Post
by lpetrich » Thu Feb 25, 2010 12:14 pm
I've saved a few threads that I've posted in and collected the Political Compass scores, but the horrid search engine won't find all of my posts for me.
Since more than one person here is saving threads en masse, I suggest that we coordinate our actions and create lists of all the threads and posts that we had succeeded in saving. Not by hand, of course, but by writing programs that can walk the directories, and read and parse the files.
I've had some experience with doing similar sort of things with saved messageboard posts, though on a much smaller scale.
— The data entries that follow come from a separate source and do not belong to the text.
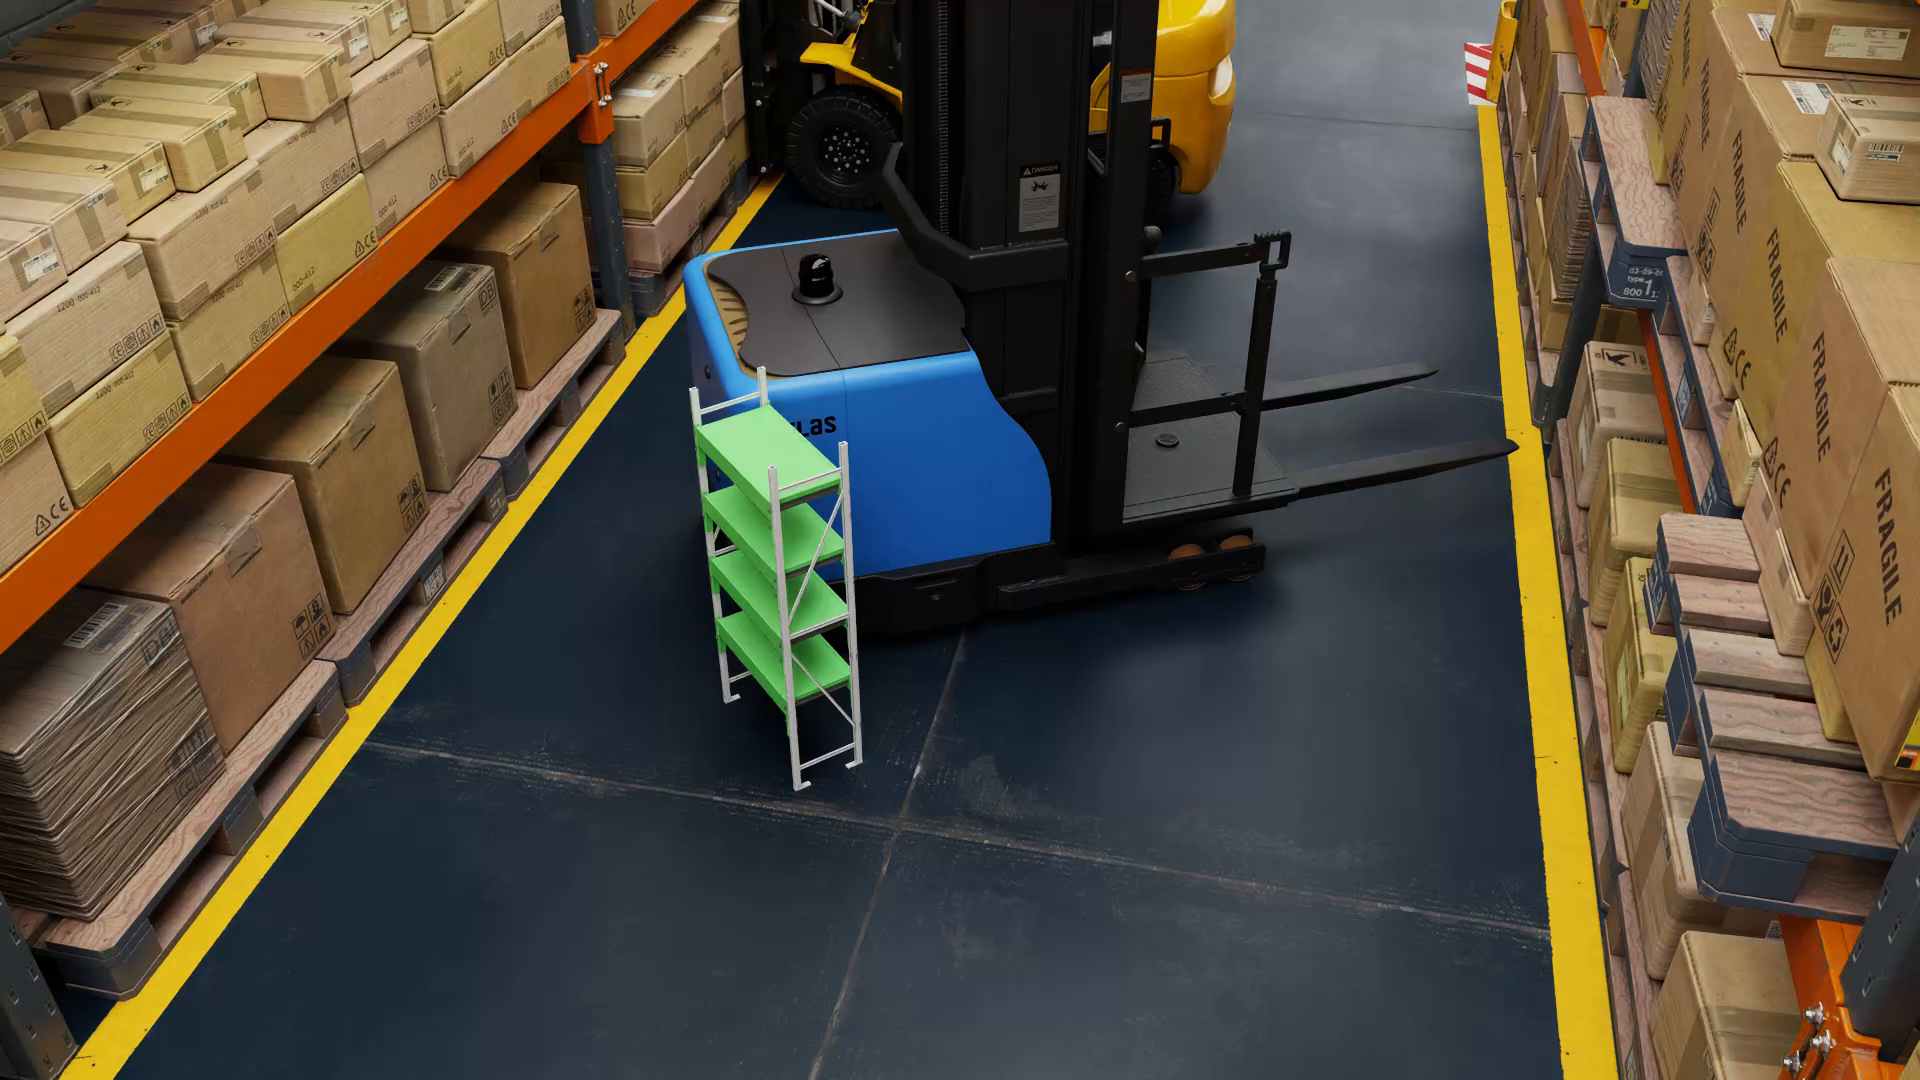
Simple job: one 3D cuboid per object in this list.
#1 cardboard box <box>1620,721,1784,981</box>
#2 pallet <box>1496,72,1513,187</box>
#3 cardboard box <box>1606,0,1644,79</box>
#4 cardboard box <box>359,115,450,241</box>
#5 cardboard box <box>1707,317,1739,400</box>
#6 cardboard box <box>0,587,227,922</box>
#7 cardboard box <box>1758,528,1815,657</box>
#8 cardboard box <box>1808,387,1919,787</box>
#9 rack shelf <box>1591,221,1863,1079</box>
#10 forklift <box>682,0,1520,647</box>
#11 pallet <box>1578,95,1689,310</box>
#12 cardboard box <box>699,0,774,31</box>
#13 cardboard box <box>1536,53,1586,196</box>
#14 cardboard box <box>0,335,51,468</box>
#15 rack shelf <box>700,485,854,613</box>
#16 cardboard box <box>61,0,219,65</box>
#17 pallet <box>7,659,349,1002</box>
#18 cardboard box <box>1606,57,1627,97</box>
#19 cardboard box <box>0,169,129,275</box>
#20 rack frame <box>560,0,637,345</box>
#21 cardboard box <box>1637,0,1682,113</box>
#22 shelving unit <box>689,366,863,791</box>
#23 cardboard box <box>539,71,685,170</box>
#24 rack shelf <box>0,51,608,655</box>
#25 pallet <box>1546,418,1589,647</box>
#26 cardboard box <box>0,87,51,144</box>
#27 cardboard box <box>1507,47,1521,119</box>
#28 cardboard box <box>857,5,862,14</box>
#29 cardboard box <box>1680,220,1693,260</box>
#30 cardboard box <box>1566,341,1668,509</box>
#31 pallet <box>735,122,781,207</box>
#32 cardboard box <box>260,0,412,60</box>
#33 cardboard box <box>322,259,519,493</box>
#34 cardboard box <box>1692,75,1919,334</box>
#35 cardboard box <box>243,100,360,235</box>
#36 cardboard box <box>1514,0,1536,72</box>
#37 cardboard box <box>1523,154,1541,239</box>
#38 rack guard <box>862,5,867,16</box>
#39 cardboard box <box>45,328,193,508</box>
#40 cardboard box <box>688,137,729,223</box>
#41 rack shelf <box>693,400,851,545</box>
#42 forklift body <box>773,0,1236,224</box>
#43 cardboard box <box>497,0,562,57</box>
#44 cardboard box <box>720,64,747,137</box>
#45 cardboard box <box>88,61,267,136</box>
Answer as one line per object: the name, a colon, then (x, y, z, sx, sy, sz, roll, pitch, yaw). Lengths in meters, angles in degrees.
cardboard box: (2.305, 0.871, 4.374, 0.950, 0.372, 0.625, 7, 36, 9)
pallet: (3.509, -2.229, 9.145, 1.003, 0.211, 1.213, 7, 37, 10)
cardboard box: (2.731, -2.016, 6.137, 0.500, 0.500, 0.500, 6, 36, 9)
cardboard box: (-2.061, -1.237, 5.529, 0.500, 0.250, 0.500, 8, 37, 10)
cardboard box: (2.119, -0.460, 4.185, 0.380, 0.149, 0.250, 6, 36, 8)
cardboard box: (-2.678, 0.539, 4.616, 0.875, 0.625, 0.625, 8, 37, 11)
cardboard box: (1.862, 0.125, 3.378, 0.380, 0.149, 0.250, 7, 37, 10)
cardboard box: (1.850, 0.097, 2.863, 0.500, 0.500, 0.500, 6, 36, 9)
rack shelf: (2.452, -0.132, 4.489, 1.077, 0.370, 4.000, 7, 37, 10)
forklift: (0.597, -1.292, 5.535, 3.031, 2.935, 1.130, -10, 37, -13)
pallet: (2.574, -1.072, 5.336, 1.003, 0.211, 1.213, 7, 37, 10)
cardboard box: (-1.227, -2.768, 8.646, 0.500, 0.250, 0.500, 7, 36, 9)
cardboard box: (2.958, -1.887, 7.644, 0.500, 0.500, 0.500, 9, 37, 12)
cardboard box: (-2.467, -0.259, 3.753, 0.500, 0.250, 0.500, 7, 37, 10)
rack shelf: (-0.546, -0.008, 4.939, 0.258, 0.148, 0.480, -21, 41, -26)
cardboard box: (-2.579, -1.594, 5.255, 0.380, 0.149, 0.250, 7, 37, 10)
pallet: (-2.611, 0.766, 5.014, 1.003, 0.211, 1.213, 7, 37, 10)
cardboard box: (2.650, -1.690, 6.240, 0.380, 0.149, 0.250, 7, 37, 9)
cardboard box: (-2.340, -0.801, 4.161, 0.380, 0.149, 0.250, 8, 37, 10)
rack frame: (-1.971, -2.190, 6.715, 1.000, 3.000, 0.127, 7, 37, 10)
cardboard box: (2.499, -1.668, 5.298, 0.500, 0.500, 0.500, 8, 37, 11)
shelving unit: (-0.546, 0.135, 5.042, 0.258, 1.200, 0.503, -21, 41, -26)
cardboard box: (-1.561, -1.889, 7.434, 0.500, 0.250, 0.500, 7, 36, 9)
rack shelf: (-2.398, -0.752, 5.344, 1.077, 0.370, 4.000, 7, 37, 10)
pallet: (2.714, 0.006, 6.062, 1.003, 0.211, 1.213, 7, 37, 10)
cardboard box: (-2.804, -1.159, 4.656, 0.380, 0.149, 0.250, 7, 36, 9)
cardboard box: (3.291, -2.492, 9.117, 0.500, 0.250, 0.500, 7, 37, 10)
cardboard box: (-0.908, -3.231, 10.136, 0.500, 0.250, 0.500, 8, 37, 10)
cardboard box: (2.309, -0.904, 4.798, 0.380, 0.149, 0.250, 8, 37, 11)
cardboard box: (2.770, -0.375, 6.092, 0.950, 0.372, 0.625, 8, 37, 11)
pallet: (-1.501, -2.213, 9.123, 1.003, 0.211, 1.213, 7, 37, 10)
cardboard box: (-2.012, -1.675, 5.368, 0.380, 0.149, 0.250, 6, 36, 9)
cardboard box: (-2.244, -0.654, 6.262, 0.875, 0.625, 0.625, 7, 37, 9)
cardboard box: (2.174, -0.803, 4.105, 0.500, 0.500, 0.500, 6, 36, 8)
cardboard box: (-2.170, -1.143, 4.972, 0.500, 0.250, 0.500, 8, 37, 11)
cardboard box: (3.287, -2.782, 8.878, 0.500, 0.500, 0.500, 6, 36, 8)
cardboard box: (2.960, -1.596, 7.882, 0.500, 0.250, 0.500, 8, 37, 11)
rack guard: (-1.111, -3.484, 10.632, 1.175, 0.500, 0.348, 7, 37, 10)
cardboard box: (-2.379, -0.347, 4.301, 0.500, 0.250, 0.500, 7, 36, 9)
cardboard box: (-1.450, -1.775, 8.128, 0.500, 0.250, 0.500, 7, 36, 9)
rack shelf: (-0.546, -0.202, 4.798, 0.258, 0.148, 0.480, -21, 41, -26)
forklift body: (0.261, -2.823, 8.313, 2.313, 2.155, 1.214, 7, 37, 10)
cardboard box: (-1.826, -2.018, 6.180, 0.500, 0.250, 0.500, 7, 36, 9)
cardboard box: (-1.341, -2.263, 8.376, 0.500, 0.250, 0.500, 7, 37, 10)
cardboard box: (-2.243, -1.248, 4.778, 0.380, 0.149, 0.250, 7, 37, 10)

What one might do is make a giant list of forum ID's, thread ID's, and post ID's, like:
f <id>
t <id>
p <id>
for thread <id> in forum <id> and post <id> in thread <id>. The posts could have other identifying info, like username, date, etc., and the threads and forums their names. Once we get these humongous lists, it's possible to compare them and find out who has what.
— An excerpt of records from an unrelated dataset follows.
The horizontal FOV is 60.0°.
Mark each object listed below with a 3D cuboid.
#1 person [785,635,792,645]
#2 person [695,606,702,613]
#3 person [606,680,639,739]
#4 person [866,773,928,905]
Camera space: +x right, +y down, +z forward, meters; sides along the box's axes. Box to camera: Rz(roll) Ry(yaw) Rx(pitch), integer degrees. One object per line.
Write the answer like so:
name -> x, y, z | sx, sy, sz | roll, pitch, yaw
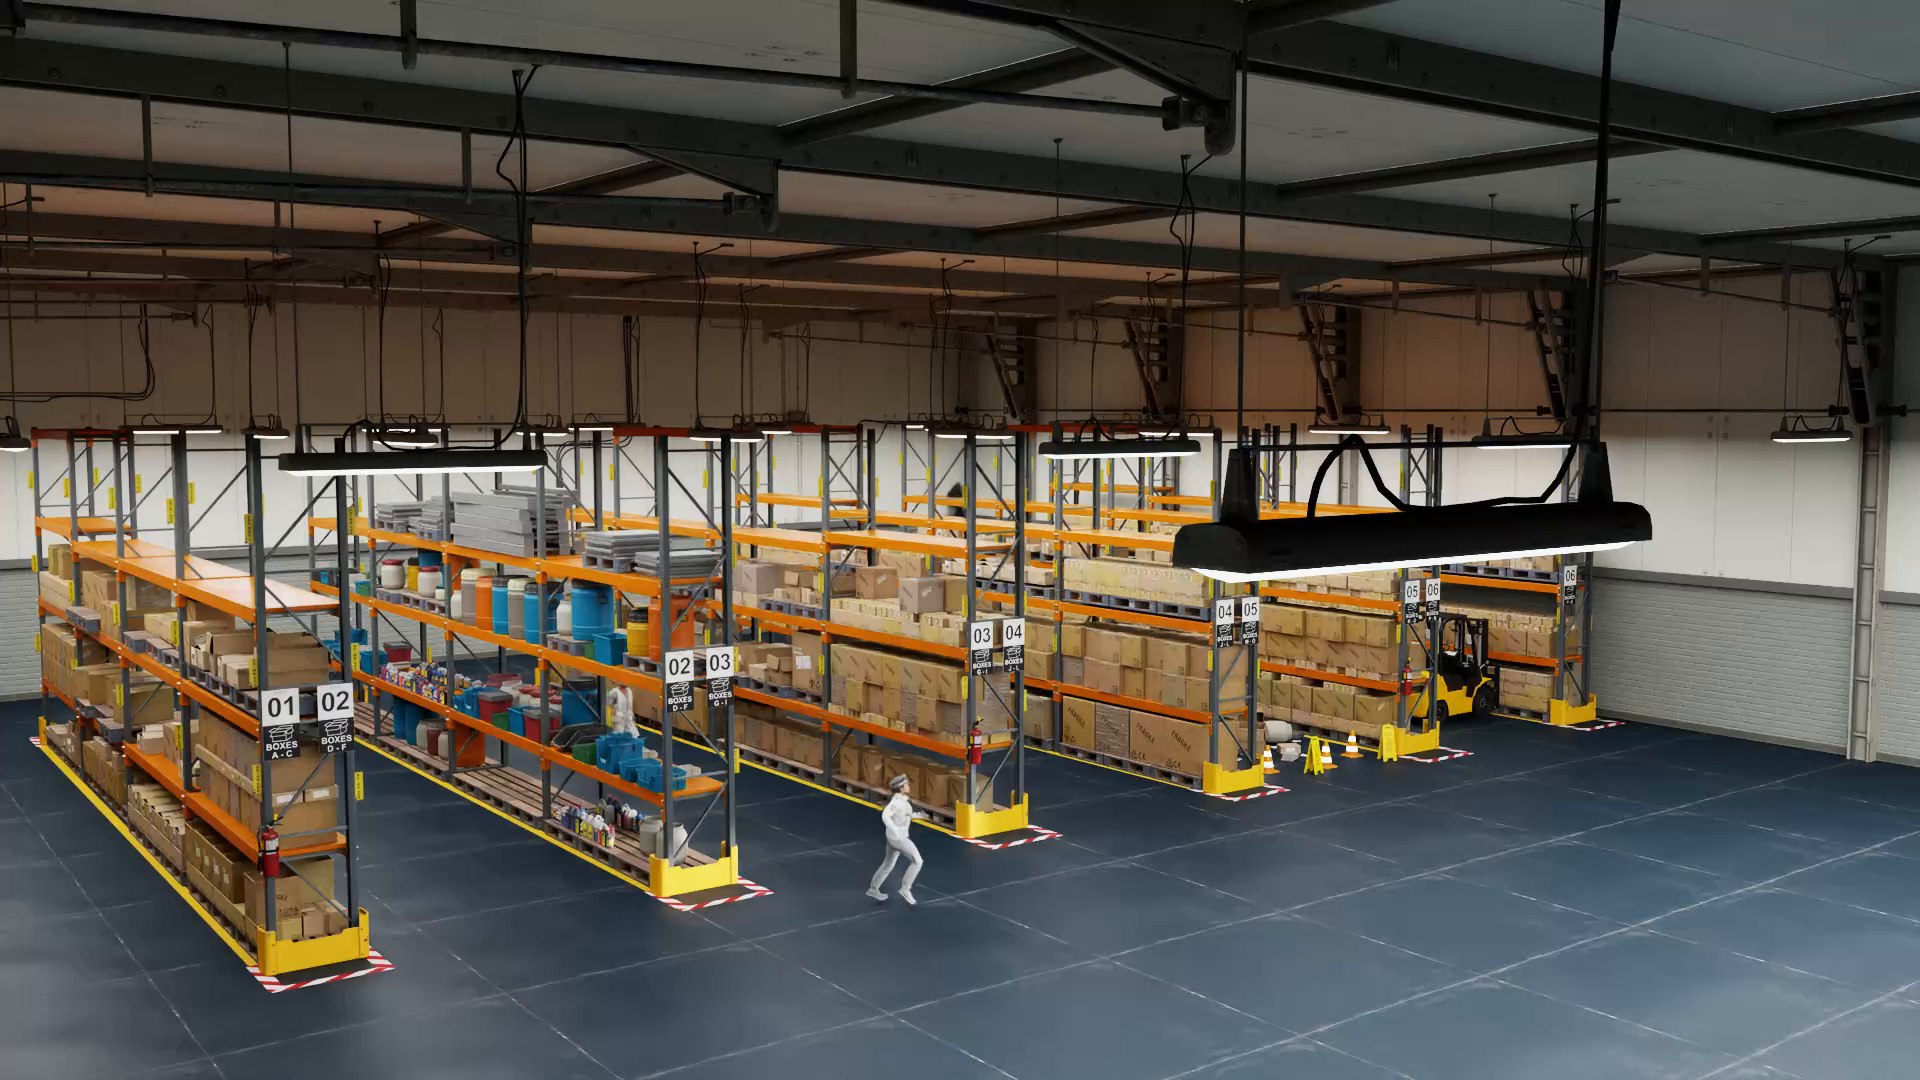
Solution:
person -> -4.206, 2.221, 41.608 | 0.528, 1.699, 0.684 | 2, 5, 23
person -> -6.383, 2.369, 40.579 | 0.561, 1.634, 0.901 | 1, 5, 13
person -> -5.863, 3.174, 29.004 | 0.578, 1.743, 0.659 | 4, 6, 43
person -> -0.788, 3.829, 21.183 | 0.795, 1.714, 0.592 | -1, 5, -8

I like to write in Python and run my programs off of the command line; I run AppleBSD a.k.a. NextStep a.k.a. MacOS X. I don't know how easy it might be in Windows to run on the command line something like
python (program) (args)
Finally, I have a lot of experience with vBulletin. It's payware ($195/license), it is written in PHP, and it uses a MySQL database to store its data. I've also seen vBulletin run with huge databases, like in IIDB, now FRDB -- about 6 gigabytes. vBulletin users have also written oodles of add-ons for it, like custom-BBCode tables and plugins that do the work of various template edits.